What is expected: Go to the line that contains "Please share the". Restate that line and each one after it exactly, through the end of the records, without pictures.

[Dataset entries]
↓↓↓

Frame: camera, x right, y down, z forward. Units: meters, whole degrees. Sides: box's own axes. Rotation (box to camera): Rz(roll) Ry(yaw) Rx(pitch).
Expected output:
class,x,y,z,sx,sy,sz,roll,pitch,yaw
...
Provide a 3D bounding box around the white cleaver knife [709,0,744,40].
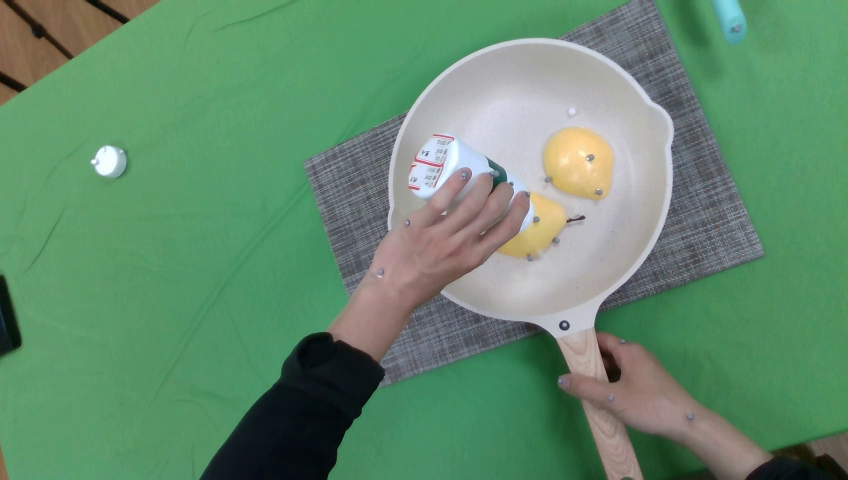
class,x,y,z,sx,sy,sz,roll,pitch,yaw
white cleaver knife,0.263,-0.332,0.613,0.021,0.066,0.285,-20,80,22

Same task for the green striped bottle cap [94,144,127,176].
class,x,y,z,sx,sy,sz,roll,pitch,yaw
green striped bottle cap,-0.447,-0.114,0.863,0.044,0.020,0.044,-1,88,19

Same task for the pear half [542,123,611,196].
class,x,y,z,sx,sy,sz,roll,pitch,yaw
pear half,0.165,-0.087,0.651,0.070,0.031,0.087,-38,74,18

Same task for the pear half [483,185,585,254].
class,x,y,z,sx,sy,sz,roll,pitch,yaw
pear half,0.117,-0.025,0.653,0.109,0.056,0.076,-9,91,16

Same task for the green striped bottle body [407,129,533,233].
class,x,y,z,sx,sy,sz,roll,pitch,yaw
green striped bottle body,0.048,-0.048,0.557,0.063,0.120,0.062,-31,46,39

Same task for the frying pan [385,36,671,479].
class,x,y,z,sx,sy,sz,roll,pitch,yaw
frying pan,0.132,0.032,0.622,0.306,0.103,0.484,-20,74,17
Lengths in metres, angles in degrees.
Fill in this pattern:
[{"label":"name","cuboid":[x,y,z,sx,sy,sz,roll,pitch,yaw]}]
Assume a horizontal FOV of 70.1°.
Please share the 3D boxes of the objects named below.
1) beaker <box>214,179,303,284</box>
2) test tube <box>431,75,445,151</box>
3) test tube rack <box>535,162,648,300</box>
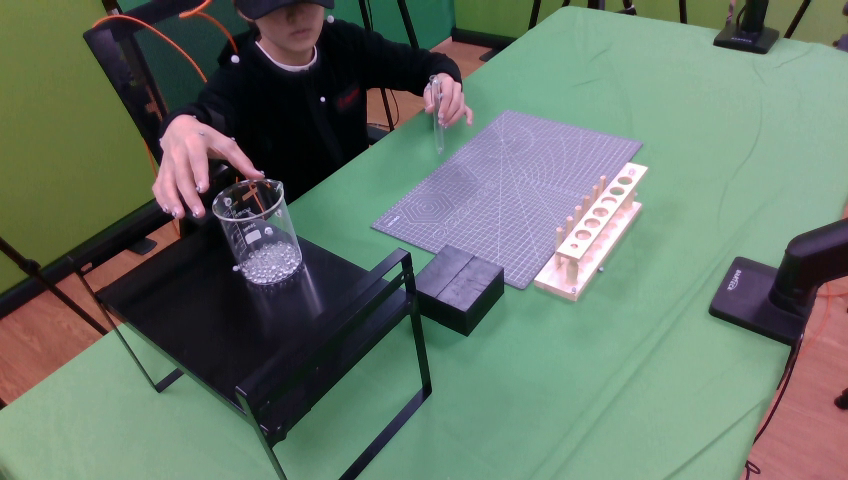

↑↑↑

Output for this task:
Please share the 3D boxes of the objects named below.
1) beaker <box>214,179,303,284</box>
2) test tube <box>431,75,445,151</box>
3) test tube rack <box>535,162,648,300</box>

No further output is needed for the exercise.